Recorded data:

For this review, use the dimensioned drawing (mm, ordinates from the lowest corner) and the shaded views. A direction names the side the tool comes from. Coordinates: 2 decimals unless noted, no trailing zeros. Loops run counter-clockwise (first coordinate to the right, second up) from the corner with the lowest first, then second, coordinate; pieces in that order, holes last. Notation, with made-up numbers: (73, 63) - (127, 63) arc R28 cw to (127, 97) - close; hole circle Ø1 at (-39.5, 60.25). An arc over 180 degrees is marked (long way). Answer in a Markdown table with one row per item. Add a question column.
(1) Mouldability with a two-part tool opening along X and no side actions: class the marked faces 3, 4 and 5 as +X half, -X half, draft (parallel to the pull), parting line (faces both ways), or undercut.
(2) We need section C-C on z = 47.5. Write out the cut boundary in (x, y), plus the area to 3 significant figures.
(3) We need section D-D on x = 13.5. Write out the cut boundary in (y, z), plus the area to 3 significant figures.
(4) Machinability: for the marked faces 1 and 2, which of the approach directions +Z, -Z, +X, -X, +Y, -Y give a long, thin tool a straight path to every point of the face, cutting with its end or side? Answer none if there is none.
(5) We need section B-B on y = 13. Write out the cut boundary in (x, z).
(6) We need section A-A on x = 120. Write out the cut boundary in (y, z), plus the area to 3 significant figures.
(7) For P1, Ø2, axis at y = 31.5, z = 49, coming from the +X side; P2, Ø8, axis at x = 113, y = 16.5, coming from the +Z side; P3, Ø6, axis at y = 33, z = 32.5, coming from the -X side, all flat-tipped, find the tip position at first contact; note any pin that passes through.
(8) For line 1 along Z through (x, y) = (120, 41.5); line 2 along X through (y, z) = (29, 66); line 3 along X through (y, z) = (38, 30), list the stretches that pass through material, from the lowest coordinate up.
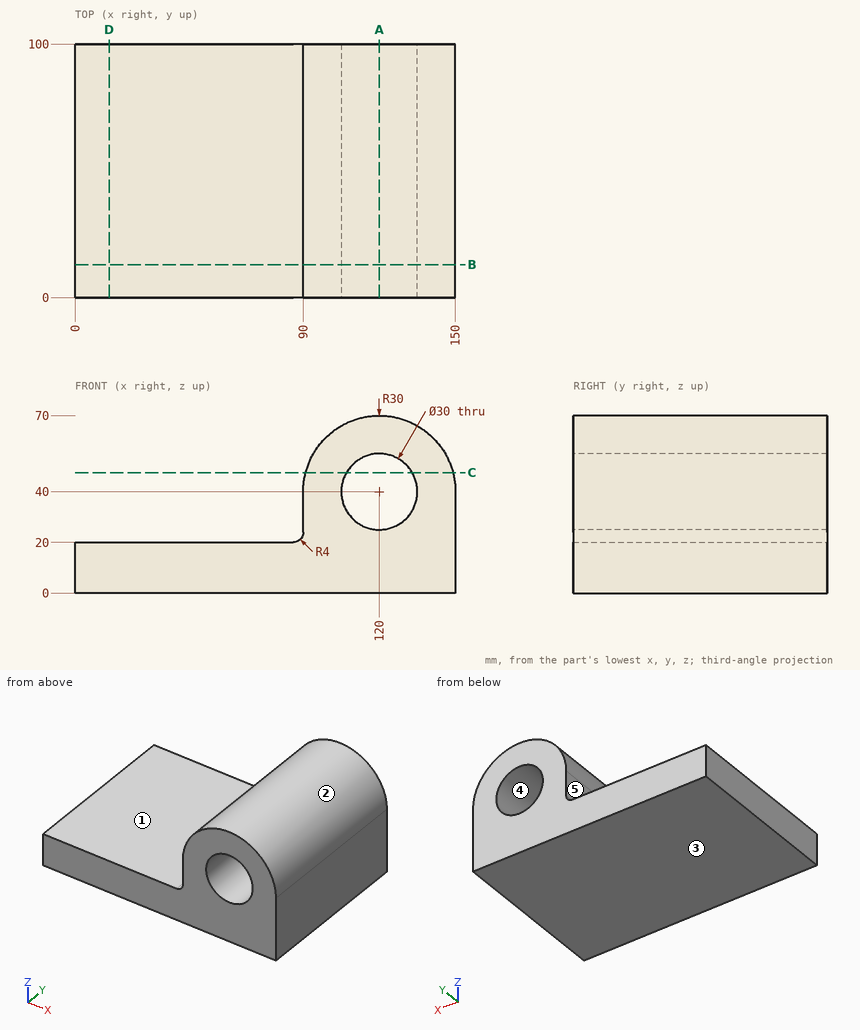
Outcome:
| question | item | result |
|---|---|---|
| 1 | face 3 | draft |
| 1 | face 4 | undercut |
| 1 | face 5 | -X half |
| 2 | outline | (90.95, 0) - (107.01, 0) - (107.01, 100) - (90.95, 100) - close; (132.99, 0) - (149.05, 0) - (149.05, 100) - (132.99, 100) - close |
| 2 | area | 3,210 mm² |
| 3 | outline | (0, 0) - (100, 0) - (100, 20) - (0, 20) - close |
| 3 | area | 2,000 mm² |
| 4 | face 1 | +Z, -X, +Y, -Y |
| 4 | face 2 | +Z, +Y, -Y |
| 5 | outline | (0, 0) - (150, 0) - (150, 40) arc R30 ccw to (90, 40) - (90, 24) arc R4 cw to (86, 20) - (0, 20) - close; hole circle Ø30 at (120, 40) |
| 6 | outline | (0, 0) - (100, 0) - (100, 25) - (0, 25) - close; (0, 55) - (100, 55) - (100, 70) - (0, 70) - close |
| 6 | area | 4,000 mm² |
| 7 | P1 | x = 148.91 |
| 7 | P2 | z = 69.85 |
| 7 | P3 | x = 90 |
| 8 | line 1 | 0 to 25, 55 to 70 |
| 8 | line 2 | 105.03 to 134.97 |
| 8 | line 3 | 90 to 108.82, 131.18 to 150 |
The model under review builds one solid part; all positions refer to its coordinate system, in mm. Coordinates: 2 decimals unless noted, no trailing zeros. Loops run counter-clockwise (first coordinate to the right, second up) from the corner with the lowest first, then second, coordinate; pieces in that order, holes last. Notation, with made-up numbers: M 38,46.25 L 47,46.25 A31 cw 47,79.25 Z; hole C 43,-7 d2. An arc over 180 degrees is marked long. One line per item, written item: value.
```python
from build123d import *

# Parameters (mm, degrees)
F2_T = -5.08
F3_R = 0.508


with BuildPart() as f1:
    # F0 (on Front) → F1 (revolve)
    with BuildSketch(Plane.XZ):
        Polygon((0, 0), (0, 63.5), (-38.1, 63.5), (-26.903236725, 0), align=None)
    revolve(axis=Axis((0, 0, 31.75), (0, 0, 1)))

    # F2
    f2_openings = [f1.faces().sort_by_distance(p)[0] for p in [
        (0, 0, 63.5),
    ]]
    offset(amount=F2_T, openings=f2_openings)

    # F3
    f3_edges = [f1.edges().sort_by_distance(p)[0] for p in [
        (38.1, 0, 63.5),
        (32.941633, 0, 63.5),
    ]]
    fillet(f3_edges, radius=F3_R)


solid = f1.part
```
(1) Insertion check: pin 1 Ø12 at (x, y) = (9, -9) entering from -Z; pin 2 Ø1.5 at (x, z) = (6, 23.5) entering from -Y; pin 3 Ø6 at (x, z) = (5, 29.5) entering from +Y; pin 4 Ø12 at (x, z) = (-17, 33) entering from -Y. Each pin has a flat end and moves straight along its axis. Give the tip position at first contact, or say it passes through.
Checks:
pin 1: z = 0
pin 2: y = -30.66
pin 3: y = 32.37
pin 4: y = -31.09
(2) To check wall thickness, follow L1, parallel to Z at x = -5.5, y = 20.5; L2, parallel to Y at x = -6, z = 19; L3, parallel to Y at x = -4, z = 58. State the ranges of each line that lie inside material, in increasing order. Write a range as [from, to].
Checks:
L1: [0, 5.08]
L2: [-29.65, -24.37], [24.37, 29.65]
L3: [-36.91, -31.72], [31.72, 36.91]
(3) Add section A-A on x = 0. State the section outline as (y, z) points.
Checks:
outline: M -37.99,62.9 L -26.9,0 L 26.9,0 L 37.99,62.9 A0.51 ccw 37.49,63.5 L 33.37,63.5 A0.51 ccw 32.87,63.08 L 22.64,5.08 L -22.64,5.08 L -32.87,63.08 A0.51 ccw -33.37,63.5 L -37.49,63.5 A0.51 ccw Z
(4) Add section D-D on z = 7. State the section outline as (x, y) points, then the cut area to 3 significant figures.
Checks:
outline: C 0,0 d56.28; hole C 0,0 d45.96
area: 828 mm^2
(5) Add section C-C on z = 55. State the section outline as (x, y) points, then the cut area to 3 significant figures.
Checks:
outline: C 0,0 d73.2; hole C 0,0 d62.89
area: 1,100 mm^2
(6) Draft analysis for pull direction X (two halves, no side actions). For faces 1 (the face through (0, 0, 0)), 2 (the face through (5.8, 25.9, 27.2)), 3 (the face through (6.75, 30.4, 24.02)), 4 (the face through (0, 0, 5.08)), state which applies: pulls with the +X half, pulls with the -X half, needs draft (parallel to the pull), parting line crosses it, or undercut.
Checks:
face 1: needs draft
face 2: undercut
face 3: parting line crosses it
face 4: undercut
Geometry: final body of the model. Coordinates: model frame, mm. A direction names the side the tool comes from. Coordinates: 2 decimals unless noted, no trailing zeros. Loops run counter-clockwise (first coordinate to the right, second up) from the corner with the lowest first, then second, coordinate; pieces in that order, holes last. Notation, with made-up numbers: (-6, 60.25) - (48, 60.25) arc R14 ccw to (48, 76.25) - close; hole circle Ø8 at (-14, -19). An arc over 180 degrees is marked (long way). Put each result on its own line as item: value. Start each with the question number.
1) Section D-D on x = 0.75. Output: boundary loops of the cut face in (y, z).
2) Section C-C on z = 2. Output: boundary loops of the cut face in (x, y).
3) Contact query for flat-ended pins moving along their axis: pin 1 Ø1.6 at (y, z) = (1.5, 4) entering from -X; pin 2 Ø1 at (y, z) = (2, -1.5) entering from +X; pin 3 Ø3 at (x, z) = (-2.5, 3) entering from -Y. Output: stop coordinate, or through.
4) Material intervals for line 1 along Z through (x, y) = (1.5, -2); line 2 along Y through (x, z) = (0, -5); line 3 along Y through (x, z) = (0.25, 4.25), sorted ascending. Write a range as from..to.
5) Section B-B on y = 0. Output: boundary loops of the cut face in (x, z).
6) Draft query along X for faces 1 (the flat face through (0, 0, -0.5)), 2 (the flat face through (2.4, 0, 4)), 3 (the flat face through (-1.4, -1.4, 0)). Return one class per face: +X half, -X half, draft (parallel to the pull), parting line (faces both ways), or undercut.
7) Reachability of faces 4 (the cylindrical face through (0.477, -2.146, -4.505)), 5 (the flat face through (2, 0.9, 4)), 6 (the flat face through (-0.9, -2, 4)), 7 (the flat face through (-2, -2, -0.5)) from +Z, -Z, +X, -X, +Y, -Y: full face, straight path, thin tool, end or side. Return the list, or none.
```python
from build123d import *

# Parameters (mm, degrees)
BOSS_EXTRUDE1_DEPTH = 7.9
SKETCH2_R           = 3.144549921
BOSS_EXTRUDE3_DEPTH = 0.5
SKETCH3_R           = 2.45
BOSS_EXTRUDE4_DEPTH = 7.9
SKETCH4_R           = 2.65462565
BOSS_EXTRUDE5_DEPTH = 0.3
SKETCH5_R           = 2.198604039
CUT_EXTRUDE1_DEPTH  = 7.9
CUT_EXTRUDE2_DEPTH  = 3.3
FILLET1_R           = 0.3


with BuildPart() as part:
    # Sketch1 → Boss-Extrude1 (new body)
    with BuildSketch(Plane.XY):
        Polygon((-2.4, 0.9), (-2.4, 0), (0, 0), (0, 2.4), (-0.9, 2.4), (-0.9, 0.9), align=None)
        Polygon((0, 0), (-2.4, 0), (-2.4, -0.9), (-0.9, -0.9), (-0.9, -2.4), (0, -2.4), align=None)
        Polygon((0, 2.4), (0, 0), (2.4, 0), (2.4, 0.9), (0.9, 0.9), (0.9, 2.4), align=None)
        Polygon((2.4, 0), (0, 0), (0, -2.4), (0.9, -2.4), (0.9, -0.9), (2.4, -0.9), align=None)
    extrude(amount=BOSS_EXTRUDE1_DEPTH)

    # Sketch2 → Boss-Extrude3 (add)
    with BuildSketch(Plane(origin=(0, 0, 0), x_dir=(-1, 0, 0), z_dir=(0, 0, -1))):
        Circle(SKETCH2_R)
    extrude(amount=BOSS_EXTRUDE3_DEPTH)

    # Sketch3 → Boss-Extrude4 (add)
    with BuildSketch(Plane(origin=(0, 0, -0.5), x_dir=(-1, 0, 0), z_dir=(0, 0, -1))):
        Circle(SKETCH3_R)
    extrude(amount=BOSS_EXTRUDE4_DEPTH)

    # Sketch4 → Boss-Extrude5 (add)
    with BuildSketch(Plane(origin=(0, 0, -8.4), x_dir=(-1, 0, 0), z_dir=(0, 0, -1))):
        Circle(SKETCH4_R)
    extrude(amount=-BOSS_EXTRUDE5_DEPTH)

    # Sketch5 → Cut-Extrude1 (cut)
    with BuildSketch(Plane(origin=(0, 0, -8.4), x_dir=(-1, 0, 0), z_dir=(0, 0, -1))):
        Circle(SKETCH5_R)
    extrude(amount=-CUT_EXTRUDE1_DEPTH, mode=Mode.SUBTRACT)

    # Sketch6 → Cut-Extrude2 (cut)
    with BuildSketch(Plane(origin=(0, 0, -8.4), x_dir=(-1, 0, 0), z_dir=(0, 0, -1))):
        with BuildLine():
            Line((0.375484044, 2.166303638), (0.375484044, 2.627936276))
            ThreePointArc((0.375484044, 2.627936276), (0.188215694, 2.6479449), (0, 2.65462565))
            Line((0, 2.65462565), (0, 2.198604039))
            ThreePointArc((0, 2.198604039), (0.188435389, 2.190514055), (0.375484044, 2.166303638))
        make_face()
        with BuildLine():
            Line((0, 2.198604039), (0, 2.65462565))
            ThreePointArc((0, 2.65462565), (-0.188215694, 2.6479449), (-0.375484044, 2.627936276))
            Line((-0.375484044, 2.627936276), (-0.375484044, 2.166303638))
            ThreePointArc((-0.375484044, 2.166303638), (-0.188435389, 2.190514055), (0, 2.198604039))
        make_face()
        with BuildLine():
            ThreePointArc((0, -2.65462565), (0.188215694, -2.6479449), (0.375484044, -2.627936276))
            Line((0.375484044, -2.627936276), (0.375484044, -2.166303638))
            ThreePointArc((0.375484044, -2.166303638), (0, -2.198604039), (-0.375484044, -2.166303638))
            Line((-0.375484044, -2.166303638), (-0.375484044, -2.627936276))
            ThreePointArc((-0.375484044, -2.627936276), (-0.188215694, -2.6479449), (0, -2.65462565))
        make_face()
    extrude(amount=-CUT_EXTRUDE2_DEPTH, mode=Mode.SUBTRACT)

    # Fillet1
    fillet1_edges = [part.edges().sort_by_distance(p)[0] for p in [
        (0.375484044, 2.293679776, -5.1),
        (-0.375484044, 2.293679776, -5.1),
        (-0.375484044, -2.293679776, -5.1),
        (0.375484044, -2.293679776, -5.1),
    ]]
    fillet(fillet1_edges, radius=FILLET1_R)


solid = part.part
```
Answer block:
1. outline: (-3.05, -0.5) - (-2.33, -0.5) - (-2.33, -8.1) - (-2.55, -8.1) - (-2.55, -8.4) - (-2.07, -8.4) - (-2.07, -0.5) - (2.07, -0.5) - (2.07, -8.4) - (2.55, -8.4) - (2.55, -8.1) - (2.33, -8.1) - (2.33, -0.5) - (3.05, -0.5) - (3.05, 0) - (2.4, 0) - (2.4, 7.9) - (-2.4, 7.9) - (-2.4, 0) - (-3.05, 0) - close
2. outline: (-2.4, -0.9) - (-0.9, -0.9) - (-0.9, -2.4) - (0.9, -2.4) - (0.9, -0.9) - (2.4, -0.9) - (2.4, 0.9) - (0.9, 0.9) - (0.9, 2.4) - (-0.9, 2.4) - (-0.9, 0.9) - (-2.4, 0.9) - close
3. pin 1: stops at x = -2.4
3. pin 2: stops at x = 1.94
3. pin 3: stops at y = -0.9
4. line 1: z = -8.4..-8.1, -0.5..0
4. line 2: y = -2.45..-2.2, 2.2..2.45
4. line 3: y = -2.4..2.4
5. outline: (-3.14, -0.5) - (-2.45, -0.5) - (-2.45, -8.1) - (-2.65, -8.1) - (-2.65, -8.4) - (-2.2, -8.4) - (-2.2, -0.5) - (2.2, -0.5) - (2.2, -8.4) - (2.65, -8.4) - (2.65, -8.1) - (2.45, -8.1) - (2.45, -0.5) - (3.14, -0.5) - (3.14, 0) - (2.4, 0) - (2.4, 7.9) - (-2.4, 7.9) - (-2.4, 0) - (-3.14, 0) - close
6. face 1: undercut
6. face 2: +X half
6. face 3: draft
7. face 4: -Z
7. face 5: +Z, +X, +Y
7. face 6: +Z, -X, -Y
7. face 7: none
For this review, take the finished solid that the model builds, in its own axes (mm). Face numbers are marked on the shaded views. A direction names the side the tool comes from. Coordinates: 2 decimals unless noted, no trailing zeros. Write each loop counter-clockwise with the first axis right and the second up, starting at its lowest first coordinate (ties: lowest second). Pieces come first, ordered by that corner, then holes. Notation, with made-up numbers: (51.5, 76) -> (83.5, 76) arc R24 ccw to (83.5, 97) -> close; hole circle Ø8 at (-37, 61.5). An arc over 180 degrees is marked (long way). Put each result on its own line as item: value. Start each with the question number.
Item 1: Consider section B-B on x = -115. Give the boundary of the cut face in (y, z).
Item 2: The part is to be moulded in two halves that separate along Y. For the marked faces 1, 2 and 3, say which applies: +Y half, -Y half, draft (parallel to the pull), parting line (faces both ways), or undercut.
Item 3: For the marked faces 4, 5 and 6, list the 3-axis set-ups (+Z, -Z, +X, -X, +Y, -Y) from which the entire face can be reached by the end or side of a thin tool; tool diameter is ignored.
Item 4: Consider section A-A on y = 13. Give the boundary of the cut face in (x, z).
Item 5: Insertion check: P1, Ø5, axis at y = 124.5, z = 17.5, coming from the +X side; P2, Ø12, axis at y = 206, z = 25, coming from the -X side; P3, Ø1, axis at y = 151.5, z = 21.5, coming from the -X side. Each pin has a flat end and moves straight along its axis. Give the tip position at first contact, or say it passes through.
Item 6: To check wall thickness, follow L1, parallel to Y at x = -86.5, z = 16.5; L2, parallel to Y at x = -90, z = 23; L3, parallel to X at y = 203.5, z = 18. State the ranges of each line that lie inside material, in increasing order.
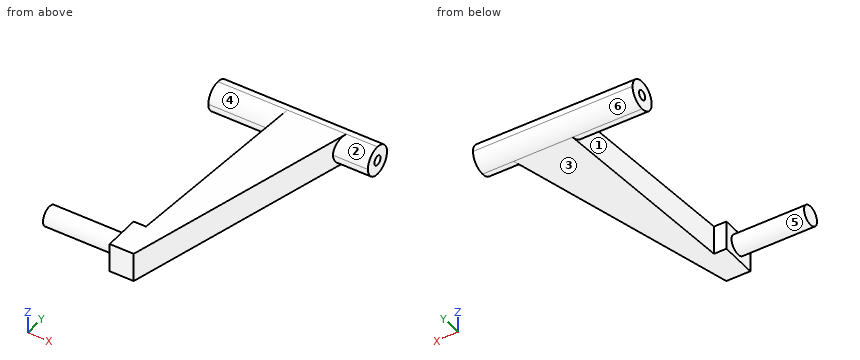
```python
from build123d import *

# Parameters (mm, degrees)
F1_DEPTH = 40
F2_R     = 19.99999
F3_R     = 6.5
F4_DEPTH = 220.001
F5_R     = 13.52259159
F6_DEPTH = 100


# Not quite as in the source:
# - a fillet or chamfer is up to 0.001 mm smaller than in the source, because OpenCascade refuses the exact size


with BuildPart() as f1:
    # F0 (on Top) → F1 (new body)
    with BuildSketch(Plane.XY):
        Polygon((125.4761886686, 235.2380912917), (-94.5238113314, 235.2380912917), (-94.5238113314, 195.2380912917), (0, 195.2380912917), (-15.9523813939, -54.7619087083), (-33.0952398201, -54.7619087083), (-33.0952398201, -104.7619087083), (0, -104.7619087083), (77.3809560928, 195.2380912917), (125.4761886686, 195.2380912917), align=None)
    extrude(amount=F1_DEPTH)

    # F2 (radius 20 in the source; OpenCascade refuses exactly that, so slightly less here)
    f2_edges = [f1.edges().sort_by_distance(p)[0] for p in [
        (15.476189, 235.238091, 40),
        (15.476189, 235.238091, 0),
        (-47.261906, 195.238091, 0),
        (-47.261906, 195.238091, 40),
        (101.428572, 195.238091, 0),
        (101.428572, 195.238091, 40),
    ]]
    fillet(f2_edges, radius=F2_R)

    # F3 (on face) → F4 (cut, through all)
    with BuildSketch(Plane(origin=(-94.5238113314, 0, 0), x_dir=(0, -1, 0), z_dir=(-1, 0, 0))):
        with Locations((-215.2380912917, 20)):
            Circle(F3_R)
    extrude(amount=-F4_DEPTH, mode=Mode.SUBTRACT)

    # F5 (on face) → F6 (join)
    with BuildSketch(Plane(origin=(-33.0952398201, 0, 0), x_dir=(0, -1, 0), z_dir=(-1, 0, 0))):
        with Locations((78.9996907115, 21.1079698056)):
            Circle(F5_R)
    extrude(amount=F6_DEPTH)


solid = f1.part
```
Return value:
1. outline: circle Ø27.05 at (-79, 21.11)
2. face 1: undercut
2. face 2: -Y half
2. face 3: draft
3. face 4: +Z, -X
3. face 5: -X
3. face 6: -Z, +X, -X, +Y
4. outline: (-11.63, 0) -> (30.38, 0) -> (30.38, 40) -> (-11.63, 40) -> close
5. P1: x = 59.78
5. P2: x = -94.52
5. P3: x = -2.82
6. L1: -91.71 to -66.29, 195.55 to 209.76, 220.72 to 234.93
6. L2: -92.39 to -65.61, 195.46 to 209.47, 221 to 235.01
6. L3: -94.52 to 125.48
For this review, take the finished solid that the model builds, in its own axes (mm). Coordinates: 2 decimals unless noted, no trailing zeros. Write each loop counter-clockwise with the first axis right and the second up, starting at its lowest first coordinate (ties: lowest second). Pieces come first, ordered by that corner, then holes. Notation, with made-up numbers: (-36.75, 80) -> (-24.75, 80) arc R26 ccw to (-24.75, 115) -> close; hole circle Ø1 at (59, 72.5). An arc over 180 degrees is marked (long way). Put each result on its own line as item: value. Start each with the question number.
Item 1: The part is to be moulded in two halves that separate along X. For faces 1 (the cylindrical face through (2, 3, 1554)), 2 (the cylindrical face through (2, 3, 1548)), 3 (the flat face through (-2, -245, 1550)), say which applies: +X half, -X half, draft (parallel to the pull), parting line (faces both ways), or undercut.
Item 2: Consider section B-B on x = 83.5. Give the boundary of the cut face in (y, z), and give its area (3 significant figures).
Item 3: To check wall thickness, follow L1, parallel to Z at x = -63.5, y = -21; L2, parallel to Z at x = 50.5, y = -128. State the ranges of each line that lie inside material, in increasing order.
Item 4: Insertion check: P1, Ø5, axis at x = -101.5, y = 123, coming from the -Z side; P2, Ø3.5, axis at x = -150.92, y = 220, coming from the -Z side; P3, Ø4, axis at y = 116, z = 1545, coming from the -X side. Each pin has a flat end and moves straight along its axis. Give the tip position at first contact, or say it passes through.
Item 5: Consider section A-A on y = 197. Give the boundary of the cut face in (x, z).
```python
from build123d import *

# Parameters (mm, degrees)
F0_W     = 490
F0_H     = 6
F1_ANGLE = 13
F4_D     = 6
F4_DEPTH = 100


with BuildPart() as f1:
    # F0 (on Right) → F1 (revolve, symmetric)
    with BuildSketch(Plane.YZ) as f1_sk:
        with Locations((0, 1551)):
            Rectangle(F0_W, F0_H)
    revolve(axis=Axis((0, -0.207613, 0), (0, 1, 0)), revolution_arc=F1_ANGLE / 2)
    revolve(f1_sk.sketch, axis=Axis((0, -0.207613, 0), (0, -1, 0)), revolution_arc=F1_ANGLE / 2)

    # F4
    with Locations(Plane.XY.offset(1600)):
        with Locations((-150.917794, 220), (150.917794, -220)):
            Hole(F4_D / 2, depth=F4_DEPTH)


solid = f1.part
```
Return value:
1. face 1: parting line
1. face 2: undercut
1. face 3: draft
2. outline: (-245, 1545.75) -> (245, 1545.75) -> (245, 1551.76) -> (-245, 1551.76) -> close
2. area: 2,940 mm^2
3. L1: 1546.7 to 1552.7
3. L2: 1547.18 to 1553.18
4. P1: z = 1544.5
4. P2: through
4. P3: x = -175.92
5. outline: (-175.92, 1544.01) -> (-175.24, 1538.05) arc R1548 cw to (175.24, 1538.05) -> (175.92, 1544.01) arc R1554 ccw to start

**Exercise goal**
Return, with no change at all, every line in the entries above from the line containing "25, 55 to 70 |" through the line containing "131.18 to 150 |".

**Your response**
| 8 | line 1 | 0 to 25, 55 to 70 |
| 8 | line 2 | 105.03 to 134.97 |
| 8 | line 3 | 90 to 108.82, 131.18 to 150 |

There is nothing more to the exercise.